In the database that you have specified in the DSN (I hope you did that:)) relog will create three new tables:
- CounterData – stores counter values
- CounterDetails – stores metadata information about each counter
- DisplayToID – stores information about log session (the DisplayString column contains the string that we specified after the exclamation mark in the relog command above)

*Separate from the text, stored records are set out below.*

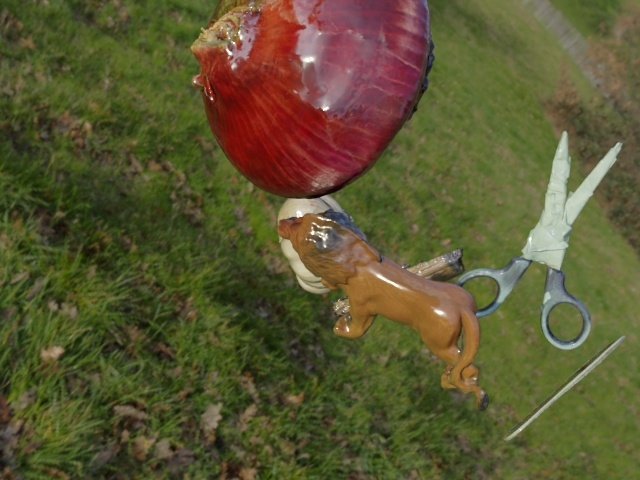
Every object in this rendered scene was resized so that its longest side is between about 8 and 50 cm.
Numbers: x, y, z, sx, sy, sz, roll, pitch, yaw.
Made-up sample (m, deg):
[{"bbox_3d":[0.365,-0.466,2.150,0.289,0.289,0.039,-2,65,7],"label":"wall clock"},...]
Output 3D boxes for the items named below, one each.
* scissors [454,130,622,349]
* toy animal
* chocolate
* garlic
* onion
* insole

As pictures sometimes tell more than a thousand words just have a look at the one below (click on the image to enlarge it):
Excel
The last tool that I wanted to mention is our old friend – Excel. It easily opens .CSV files and loads values to worksheet cells (thus sometimes it might require some data conversions to make excel recognize the datetime or decimal values in columns). You are then free to use any excel functions, charts and all other facilities.
Conclusion
In this post I’ve tried to present you with different ways of collecting and analyzing performance data. I hope that you find this information useful and that you are eager to start using the performance counters to their fullest. Happy profiling!